Segment Open

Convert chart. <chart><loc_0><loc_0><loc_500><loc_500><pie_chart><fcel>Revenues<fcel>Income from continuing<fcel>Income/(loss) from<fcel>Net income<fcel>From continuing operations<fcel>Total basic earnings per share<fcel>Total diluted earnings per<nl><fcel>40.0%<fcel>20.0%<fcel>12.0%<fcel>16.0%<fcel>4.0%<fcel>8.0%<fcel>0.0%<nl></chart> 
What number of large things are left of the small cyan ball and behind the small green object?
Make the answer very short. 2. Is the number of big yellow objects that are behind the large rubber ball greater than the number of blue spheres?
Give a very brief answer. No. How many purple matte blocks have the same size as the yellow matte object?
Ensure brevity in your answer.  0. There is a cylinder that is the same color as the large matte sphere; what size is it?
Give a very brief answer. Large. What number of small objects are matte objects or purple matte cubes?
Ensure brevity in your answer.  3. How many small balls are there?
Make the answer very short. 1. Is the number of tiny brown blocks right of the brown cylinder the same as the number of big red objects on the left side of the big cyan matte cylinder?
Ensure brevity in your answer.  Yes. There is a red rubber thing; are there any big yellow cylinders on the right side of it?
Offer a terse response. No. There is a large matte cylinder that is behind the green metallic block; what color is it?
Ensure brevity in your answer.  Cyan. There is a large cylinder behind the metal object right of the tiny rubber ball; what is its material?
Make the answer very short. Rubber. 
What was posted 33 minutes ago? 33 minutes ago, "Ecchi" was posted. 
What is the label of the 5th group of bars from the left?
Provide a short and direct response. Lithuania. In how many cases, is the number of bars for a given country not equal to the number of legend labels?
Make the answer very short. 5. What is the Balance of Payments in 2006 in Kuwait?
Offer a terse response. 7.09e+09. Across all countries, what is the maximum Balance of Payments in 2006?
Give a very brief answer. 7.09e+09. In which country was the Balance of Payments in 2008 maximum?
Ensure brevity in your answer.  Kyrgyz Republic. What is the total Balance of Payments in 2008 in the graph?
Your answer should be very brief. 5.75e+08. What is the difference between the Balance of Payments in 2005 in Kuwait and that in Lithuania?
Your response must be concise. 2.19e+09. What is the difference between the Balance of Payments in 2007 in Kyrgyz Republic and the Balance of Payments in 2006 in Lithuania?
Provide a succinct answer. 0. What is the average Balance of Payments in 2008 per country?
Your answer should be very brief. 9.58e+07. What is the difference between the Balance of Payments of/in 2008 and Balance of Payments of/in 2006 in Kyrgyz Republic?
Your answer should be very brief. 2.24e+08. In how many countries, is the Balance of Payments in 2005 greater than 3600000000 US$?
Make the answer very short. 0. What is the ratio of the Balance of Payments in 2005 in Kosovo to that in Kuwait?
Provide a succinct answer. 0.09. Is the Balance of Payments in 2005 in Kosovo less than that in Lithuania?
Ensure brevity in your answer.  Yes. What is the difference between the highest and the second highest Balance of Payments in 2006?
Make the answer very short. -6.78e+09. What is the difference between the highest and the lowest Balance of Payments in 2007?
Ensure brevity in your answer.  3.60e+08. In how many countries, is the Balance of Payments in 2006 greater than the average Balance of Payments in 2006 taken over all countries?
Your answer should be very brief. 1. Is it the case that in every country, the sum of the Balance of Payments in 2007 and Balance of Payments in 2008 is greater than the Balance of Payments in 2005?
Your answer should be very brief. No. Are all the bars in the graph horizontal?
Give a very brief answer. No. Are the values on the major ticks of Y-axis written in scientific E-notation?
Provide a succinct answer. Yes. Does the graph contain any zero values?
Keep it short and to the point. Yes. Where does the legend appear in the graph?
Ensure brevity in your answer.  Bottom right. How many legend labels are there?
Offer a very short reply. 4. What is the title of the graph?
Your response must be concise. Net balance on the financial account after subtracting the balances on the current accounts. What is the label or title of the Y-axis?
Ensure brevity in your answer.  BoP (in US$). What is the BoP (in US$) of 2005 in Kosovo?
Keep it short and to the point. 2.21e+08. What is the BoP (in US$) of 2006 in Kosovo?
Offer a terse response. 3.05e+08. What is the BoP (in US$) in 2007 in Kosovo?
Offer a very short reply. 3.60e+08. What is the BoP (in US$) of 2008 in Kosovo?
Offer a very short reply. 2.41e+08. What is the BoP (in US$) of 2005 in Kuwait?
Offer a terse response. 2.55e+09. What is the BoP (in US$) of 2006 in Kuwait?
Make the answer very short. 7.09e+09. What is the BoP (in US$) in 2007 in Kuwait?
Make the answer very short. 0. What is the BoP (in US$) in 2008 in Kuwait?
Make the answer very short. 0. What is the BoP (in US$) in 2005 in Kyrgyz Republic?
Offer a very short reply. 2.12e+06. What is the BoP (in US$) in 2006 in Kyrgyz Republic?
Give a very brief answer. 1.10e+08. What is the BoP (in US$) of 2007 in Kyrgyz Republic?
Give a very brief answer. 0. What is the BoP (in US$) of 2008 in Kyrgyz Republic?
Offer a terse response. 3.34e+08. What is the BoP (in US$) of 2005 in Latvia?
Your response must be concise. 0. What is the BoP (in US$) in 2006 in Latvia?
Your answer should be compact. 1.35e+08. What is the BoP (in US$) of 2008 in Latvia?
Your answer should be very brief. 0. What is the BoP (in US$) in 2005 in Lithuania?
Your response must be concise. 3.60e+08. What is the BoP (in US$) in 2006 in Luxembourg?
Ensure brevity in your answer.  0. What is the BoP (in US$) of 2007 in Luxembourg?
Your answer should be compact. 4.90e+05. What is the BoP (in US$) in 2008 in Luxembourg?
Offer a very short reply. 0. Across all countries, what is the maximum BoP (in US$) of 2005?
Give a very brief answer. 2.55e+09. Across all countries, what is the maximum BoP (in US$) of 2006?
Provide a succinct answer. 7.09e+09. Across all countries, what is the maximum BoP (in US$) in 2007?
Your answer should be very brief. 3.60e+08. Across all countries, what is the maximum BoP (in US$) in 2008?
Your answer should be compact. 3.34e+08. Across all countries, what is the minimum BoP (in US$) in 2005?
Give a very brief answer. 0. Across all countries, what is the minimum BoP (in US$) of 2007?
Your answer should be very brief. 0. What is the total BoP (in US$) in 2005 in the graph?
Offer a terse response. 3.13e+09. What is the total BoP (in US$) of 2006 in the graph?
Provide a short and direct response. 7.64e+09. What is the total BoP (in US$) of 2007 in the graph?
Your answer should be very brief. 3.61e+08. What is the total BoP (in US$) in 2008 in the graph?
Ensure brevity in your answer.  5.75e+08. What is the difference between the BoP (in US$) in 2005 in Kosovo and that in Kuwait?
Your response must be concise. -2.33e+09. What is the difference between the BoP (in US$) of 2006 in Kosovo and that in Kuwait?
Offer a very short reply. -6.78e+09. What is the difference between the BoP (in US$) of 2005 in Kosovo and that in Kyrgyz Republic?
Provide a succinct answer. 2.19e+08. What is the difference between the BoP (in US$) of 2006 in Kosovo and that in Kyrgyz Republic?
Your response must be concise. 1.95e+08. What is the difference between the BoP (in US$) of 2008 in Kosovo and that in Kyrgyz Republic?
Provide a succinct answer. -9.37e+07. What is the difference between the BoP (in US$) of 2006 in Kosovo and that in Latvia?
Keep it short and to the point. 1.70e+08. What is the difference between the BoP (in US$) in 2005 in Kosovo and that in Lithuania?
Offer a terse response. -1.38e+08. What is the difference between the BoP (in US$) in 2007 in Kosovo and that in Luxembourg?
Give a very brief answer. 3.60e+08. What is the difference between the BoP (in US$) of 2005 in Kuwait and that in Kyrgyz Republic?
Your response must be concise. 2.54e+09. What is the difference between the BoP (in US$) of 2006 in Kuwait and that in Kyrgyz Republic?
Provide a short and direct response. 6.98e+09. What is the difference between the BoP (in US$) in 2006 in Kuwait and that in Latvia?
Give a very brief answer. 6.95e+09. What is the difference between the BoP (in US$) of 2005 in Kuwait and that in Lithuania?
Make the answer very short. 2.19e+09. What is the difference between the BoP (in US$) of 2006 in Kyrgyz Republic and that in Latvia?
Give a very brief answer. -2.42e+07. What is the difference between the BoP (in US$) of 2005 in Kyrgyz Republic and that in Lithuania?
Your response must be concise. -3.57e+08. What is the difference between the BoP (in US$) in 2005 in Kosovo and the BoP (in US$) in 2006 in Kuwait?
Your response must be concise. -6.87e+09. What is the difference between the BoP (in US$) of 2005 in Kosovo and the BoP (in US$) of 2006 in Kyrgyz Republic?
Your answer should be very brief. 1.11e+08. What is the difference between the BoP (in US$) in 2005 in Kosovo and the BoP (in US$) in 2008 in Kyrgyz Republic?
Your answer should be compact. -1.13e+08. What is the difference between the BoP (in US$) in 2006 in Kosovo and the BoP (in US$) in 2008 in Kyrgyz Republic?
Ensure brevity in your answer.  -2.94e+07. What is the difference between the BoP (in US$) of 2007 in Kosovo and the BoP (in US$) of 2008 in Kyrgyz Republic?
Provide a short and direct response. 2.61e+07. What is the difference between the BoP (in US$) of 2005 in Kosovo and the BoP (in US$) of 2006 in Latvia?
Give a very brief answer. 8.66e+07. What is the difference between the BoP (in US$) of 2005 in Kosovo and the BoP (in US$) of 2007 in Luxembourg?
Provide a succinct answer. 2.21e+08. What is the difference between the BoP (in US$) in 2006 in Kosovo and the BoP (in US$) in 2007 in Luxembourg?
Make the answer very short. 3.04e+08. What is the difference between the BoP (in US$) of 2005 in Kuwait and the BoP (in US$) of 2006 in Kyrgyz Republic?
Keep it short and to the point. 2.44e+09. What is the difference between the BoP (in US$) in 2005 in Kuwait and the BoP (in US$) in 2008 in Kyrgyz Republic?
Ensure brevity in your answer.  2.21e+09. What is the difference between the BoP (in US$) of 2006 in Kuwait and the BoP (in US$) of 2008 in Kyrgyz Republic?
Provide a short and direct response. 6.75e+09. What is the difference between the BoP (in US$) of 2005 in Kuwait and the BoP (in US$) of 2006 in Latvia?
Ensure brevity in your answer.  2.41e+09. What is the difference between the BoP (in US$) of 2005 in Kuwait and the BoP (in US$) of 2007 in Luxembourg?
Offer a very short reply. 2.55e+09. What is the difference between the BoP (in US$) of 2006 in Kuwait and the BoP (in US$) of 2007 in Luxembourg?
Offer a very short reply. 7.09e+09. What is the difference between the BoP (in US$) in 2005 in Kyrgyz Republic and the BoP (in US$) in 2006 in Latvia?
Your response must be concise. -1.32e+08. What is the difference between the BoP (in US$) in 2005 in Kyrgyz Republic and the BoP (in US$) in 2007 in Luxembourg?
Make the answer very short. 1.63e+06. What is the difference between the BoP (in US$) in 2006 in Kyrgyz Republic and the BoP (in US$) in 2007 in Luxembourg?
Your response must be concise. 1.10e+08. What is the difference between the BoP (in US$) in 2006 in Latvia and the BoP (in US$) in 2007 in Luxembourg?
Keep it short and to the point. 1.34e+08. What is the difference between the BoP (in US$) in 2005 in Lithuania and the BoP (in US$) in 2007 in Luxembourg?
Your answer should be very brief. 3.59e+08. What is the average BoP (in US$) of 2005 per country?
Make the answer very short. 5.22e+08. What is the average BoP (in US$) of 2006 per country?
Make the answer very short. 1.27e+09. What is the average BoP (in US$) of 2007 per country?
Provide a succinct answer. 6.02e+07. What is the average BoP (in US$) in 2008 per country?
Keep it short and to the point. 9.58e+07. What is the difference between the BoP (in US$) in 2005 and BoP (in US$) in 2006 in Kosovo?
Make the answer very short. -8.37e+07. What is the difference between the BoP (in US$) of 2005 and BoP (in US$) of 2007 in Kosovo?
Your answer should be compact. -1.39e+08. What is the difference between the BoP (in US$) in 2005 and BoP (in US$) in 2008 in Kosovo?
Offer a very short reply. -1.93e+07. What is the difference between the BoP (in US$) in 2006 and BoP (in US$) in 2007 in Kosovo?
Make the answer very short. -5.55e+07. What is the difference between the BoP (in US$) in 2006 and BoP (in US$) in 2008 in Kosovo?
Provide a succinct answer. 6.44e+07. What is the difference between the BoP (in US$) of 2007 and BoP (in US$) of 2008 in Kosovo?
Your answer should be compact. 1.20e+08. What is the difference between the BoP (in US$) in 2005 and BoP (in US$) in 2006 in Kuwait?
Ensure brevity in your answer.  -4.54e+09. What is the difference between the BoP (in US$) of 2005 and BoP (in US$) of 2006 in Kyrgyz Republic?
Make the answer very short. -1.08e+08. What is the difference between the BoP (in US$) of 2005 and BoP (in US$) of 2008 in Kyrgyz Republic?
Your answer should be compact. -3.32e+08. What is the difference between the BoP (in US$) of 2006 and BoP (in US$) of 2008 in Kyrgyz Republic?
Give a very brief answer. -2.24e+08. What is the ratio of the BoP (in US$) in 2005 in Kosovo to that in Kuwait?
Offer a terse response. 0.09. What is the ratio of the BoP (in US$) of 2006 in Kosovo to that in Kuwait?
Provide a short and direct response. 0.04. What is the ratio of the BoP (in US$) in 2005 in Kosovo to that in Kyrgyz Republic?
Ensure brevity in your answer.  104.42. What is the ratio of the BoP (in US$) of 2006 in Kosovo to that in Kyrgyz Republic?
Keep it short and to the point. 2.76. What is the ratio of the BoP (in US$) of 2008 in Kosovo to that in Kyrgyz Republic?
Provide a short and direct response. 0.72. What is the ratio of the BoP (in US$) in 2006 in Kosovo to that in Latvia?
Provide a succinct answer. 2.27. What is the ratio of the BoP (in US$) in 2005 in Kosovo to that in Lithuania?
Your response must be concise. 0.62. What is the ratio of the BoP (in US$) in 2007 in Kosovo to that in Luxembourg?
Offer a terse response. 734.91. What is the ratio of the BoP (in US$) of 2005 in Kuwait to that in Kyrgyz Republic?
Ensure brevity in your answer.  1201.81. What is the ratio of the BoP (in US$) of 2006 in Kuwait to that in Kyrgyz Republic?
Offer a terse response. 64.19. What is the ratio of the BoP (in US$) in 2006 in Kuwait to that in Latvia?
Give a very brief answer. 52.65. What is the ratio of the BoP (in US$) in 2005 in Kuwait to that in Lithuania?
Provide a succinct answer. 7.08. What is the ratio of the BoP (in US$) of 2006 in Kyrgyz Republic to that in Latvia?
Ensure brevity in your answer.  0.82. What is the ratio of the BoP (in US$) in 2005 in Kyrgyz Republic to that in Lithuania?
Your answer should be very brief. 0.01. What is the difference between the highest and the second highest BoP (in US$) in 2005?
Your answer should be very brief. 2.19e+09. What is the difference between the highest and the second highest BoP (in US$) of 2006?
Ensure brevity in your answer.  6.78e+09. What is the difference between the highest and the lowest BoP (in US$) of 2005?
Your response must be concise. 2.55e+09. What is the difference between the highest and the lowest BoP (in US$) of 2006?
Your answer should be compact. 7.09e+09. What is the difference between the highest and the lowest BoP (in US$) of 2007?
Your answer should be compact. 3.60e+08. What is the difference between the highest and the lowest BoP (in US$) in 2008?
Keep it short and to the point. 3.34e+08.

Segment Closed

* What you need to do
Your answer must be the lines above from the one containing "Offer a terse response. 734.91." to the one containing "2006 in Kuwait to that in Kyrgyz Republic?", both included, restated word for word.

* Output of the task
Offer a terse response. 734.91. What is the ratio of the BoP (in US$) of 2005 in Kuwait to that in Kyrgyz Republic?
Ensure brevity in your answer.  1201.81. What is the ratio of the BoP (in US$) of 2006 in Kuwait to that in Kyrgyz Republic?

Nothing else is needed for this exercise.